§ Task objective
Read the material below. Count the lines containing "roll" and give that count alone.

§ Given information
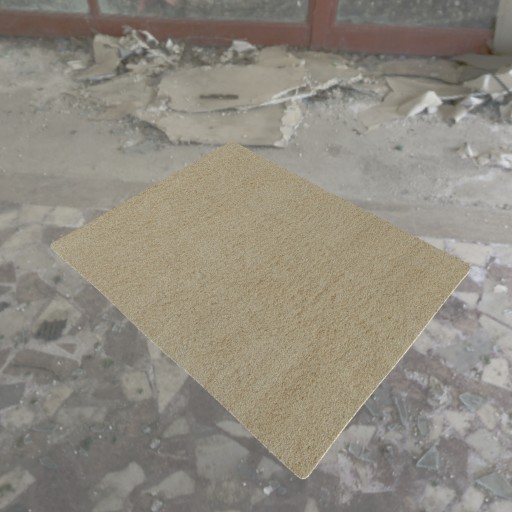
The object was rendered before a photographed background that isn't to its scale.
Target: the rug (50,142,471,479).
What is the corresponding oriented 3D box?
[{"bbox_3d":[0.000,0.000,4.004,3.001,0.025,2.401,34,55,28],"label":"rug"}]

---

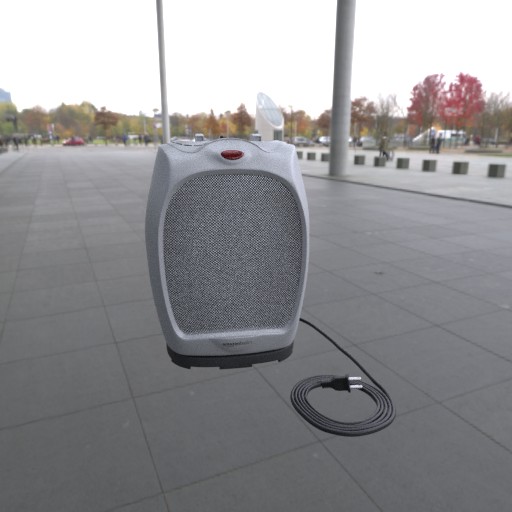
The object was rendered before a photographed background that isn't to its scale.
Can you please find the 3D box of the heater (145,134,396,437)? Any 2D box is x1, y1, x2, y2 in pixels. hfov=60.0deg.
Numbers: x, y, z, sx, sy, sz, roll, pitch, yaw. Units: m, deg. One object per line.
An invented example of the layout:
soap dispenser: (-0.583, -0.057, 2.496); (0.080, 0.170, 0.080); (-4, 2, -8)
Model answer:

--

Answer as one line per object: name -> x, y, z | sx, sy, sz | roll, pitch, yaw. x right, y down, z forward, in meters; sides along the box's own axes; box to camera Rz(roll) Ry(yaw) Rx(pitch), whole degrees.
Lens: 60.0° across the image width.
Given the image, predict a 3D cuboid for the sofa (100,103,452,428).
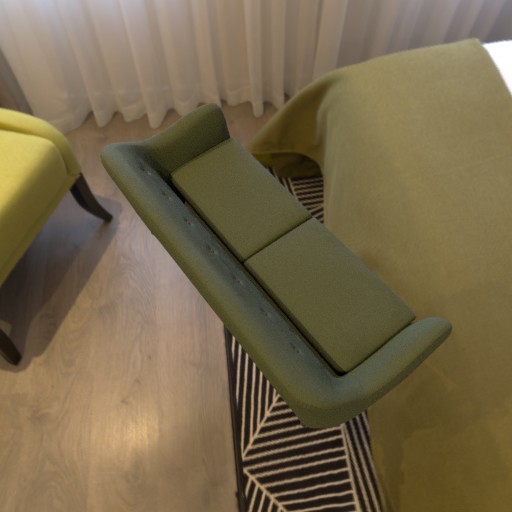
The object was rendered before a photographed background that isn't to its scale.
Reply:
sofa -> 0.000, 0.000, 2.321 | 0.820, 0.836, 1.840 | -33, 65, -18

§ Expected output
2